▶ _Exercise requirements_
Every line of the entries below from the one containing "22) person (1666,507,1780,622)" to the one containing "39) building (1139,0,1681,525)", both ends included, must be written out exactly. No other line belongs in the answer.

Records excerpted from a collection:
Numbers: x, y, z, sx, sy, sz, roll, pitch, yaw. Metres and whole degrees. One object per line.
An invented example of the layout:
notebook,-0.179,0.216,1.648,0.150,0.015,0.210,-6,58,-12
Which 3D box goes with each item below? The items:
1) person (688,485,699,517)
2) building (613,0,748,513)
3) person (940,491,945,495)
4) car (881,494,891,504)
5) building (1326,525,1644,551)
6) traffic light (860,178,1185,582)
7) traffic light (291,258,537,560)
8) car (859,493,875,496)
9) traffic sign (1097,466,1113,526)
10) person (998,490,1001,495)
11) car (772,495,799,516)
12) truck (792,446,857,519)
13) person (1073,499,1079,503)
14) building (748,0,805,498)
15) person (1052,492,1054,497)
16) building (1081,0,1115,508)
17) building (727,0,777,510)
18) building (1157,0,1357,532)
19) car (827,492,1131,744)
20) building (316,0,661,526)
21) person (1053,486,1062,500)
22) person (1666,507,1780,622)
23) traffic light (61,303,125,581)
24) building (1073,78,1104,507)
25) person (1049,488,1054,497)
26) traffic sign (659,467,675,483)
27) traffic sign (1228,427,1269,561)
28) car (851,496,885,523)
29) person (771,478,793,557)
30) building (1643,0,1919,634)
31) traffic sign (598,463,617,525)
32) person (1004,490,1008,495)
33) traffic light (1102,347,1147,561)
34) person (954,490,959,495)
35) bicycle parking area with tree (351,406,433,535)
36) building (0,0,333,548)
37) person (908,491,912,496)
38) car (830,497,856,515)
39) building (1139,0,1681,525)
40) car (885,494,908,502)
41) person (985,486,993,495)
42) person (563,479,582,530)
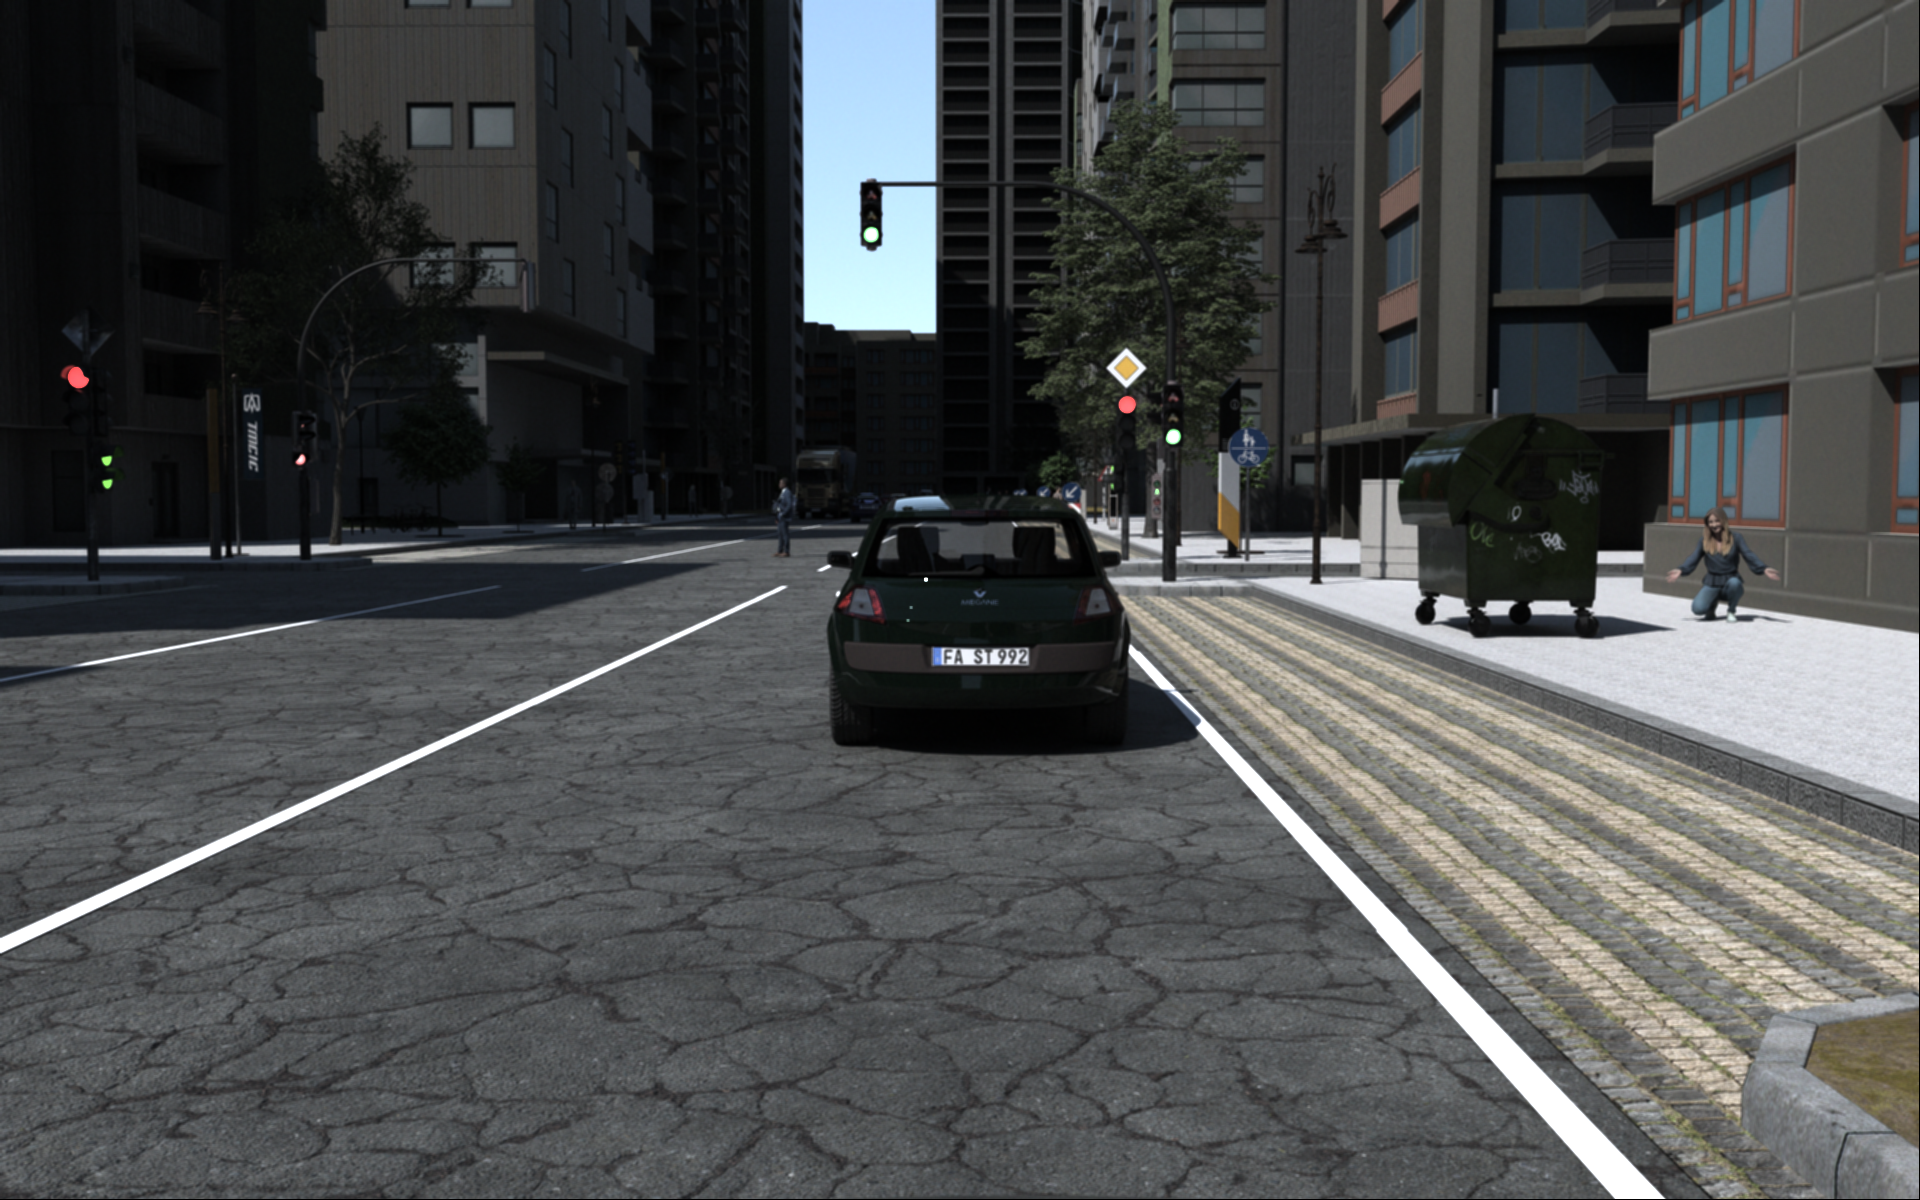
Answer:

▶ _Solved problem_
22) person (1666,507,1780,622)
23) traffic light (61,303,125,581)
24) building (1073,78,1104,507)
25) person (1049,488,1054,497)
26) traffic sign (659,467,675,483)
27) traffic sign (1228,427,1269,561)
28) car (851,496,885,523)
29) person (771,478,793,557)
30) building (1643,0,1919,634)
31) traffic sign (598,463,617,525)
32) person (1004,490,1008,495)
33) traffic light (1102,347,1147,561)
34) person (954,490,959,495)
35) bicycle parking area with tree (351,406,433,535)
36) building (0,0,333,548)
37) person (908,491,912,496)
38) car (830,497,856,515)
39) building (1139,0,1681,525)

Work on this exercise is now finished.